▶ [Your assignment]: Locate each line below that includes "food" and reproduce it.

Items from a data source

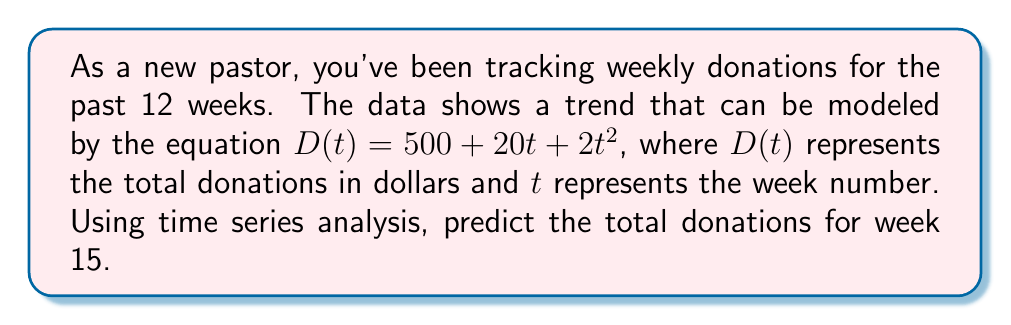Could you help me with this problem? Let's approach this step-by-step:

1) We are given the time series model:
   $D(t) = 500 + 20t + 2t^2$

2) We need to predict the donations for week 15, so we'll substitute $t = 15$ into our equation:

   $D(15) = 500 + 20(15) + 2(15)^2$

3) Let's calculate each term:
   - The constant term: 500
   - The linear term: $20(15) = 300$
   - The quadratic term: $2(15)^2 = 2(225) = 450$

4) Now, let's sum these terms:
   $D(15) = 500 + 300 + 450 = 1250$

Therefore, based on this time series analysis, we predict that the total donations for week 15 will be $1250.
Answer: $1250 
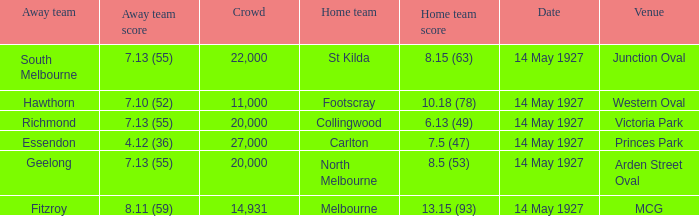What was the home team when the Geelong away team had a score of 7.13 (55)? North Melbourne. 
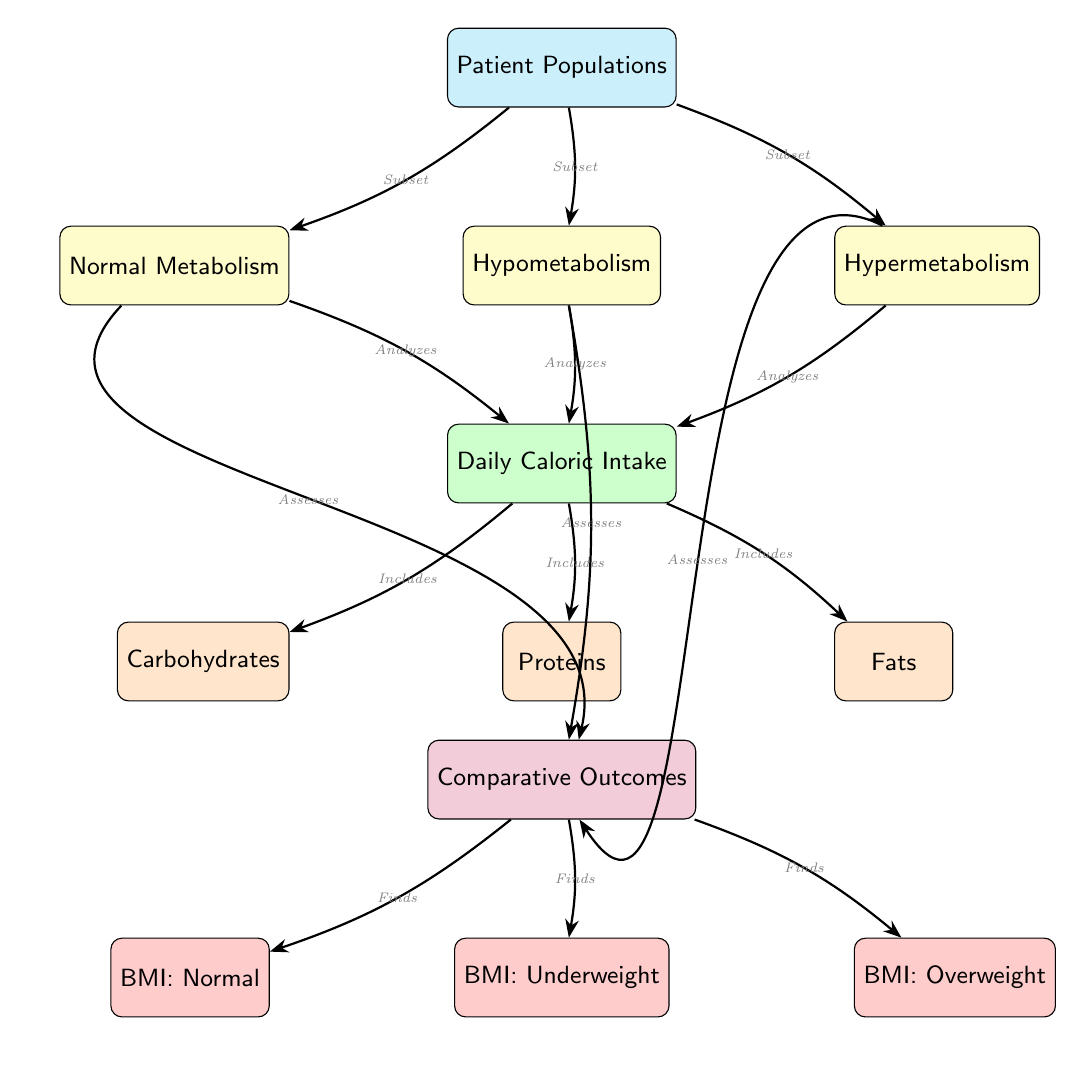What are the three types of patient populations represented? The diagram shows three patient populations: Normal Metabolism, Hypometabolism, and Hypermetabolism. These are explicitly labeled in the diagram under the main node "Patient Populations."
Answer: Normal Metabolism, Hypometabolism, Hypermetabolism Which metabolic pathway includes the analysis of daily caloric intake? The "Daily Caloric Intake" node is directly connected to all three metabolic pathways (Normal, Hypo, Hyper) through an edge labeled "Analyzes." This indicates that each pathway involves an analysis of caloric intake.
Answer: Normal Metabolism, Hypometabolism, Hypermetabolism How many types of food are included in the caloric intake? The "Daily Caloric Intake" node branches out to three nodes: Carbohydrates, Proteins, and Fats, indicating that there are three types of food included.
Answer: 3 What are the potential BMI outcomes assessed from the comparisons? The "Comparative Outcomes" node leads to three different BMI outcomes: Normal, Underweight, and Overweight. Each outcome is explicitly mentioned as a result of assessing the comparative data.
Answer: Normal, Underweight, Overweight Which patient population is tended to by the analysis labeled "Assesses" that targets comparative outcomes? The "Assesses" label for the analysis branches from the Normal Metabolism, Hypometabolism, and Hypermetabolism nodes to the Comparative Outcomes. This means that they all contribute to these assessments.
Answer: Normal Metabolism, Hypometabolism, Hypermetabolism What does the edge labeled "Includes" specify about daily caloric intake? The edge labeled "Includes" directly connects the "Daily Caloric Intake" node to the food nodes: Carbohydrates, Proteins, and Fats. This signifies that these types of food are components of the caloric intake.
Answer: Carbohydrates, Proteins, Fats Which populations have a specific associate to BMI: Overweight? The "BMI: Overweight" outcome is a resultant node from the "Comparative Outcomes" node, which is assessed by all three metabolic pathways. This indicates that all patient populations can potentially be associated with the overweight BMI category.
Answer: Normal Metabolism, Hypometabolism, Hypermetabolism Which interaction type connects the Patient Populations to their respective metabolism categories? The edges labeled "Subset" connect the "Patient Populations" node to each of the metabolic pathways, indicating that these populations are subsets of the broader patient populations.
Answer: Subset

▶ [Response below]:
Answer: Normal Metabolism, Hypometabolism, Hypermetabolism How many types of food are included in the caloric intake? The "Daily Caloric Intake" node branches out to three nodes: Carbohydrates, Proteins, and Fats, indicating that there are three types of food included.
Answer: Normal Metabolism, Hypometabolism, Hypermetabolism What does the edge labeled "Includes" specify about daily caloric intake? The edge labeled "Includes" directly connects the "Daily Caloric Intake" node to the food nodes: Carbohydrates, Proteins, and Fats. This signifies that these types of food are components of the caloric intake.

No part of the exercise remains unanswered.